Unfortunately I can't repro that one.

Does the problem happen locally, on the cluster, or both? What's the type of the key you're trying to join on?

This works for me:

(defn foo [x y](prn x y)
{:x x, :y y})

(deftest test-join
(let [xs (pig/return [[1 "a"]
[1 "b"]
[2 "a"]])
ys (pig/return [[1 "a"]
[2 "b"]
[2 "a"]])
command (pig/join [(xs :on first)
(ys :on first)]
foo)](is %28= %28pig/dump command%29
[{:x [2 "a"], :y [2 "b"]}
{:x [2 "a"], :y [2 "a"]}
{:x [1 "a"], :y [1 "a"]}
{:x [1 "b"], :y [1 "a"]}]))))

I can also print from the function:

=> (test-join)
[2 "a"] [2 "b"]
[2 "a"] [2 "a"]
[1 "a"] [1 "a"]
[1 "b"] [1 "a"]
nil

Sometimes when running locally, code will execute on other threads. At least for CCW, this causes it to appear in the console instead of the REPL, which is kind of annoying. If you're using CCW, could you check the console output? If not, what editor are you using?

To repro, what commands are you using before the join? Are you loading data from a file, doing any transformations, etc?

Thanks,
Matt

On Sunday, March 30, 2014 at 5:57 PM, Jeff Terrell wrote:

With PigPen 0.2.3, I was using join, but instead of specifying an anonymous function inline with the join call, I defnd a function and just used the name of the function. In other words, instead of:
(join [(xs :on first) (ys :on first)](fn [x y] ...))

...I was doing:
(defn foo [x y] ...) (join [(xs :on first) (ys :on first)] foo)

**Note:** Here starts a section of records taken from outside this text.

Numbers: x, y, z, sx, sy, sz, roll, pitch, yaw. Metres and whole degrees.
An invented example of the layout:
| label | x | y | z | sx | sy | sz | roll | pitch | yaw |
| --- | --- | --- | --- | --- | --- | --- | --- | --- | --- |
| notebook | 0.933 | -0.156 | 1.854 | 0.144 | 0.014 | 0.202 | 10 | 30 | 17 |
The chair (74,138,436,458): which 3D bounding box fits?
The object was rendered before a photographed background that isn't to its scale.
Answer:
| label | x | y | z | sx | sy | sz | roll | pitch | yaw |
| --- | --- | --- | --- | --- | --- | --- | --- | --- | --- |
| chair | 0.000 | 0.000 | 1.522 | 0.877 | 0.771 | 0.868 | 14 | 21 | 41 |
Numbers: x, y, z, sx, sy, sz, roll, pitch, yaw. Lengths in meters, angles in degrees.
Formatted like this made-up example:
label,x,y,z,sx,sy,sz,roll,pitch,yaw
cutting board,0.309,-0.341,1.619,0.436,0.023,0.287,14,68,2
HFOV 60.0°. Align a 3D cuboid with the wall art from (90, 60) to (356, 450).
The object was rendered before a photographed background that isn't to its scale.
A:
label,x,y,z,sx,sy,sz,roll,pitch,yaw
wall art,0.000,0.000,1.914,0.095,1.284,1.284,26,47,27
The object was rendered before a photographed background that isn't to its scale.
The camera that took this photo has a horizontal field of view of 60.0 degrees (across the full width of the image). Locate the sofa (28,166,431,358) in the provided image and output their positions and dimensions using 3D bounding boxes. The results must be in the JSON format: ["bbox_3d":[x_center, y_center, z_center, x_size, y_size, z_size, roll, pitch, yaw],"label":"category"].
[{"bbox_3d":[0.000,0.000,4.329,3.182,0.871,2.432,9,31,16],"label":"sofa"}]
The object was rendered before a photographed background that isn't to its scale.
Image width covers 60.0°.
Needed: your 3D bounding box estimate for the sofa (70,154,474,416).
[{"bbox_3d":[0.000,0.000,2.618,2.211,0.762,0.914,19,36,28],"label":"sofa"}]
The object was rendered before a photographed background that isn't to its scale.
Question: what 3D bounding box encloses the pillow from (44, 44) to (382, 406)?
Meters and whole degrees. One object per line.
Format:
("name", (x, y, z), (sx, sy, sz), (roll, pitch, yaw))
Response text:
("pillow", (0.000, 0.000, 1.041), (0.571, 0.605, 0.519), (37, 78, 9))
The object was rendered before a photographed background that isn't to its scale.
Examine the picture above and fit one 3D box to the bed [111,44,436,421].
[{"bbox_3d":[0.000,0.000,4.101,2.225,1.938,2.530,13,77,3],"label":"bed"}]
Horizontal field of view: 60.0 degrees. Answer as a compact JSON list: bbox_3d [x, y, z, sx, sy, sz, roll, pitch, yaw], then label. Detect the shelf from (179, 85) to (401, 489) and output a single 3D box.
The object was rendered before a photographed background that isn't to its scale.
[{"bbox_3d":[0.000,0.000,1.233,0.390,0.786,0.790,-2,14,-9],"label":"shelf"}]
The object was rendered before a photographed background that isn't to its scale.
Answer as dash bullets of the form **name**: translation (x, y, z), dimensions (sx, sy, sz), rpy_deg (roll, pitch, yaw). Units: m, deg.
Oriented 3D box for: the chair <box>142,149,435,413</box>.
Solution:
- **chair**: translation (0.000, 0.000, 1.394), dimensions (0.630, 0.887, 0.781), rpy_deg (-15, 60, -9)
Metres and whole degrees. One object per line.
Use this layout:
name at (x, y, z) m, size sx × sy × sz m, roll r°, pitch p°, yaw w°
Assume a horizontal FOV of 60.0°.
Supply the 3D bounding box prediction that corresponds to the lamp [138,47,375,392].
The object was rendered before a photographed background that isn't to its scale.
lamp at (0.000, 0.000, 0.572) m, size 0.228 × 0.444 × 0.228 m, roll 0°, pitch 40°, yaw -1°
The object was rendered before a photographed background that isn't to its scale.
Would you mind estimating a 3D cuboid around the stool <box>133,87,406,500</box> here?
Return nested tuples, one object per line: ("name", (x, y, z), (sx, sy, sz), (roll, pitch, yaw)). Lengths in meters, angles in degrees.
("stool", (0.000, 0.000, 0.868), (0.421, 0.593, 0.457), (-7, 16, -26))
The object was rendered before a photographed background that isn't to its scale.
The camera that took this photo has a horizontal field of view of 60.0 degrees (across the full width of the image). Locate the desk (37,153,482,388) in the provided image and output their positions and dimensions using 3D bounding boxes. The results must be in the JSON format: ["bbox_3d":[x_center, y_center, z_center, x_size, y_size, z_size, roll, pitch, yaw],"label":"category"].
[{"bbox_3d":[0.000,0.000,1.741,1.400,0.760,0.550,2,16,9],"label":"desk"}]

The second version produced output with the same structure as the first version, except that there were nils in most places. My guess is that the macros aren't quite evaluating things properly, but I don't know this for sure.
I can't share more details, unfortunately, as they are proprietary. Although, if you're having difficulty reproducing this issue, I can try to reproduce it in a way that I can share.
Relatedly, is there a good reason why my print statements don't work in the join function? If that's easy to fix, that would be helpful for my debugging.
Thanks very much!
-Jeff T.


Reply to this email directly or view it on GitHub (#19).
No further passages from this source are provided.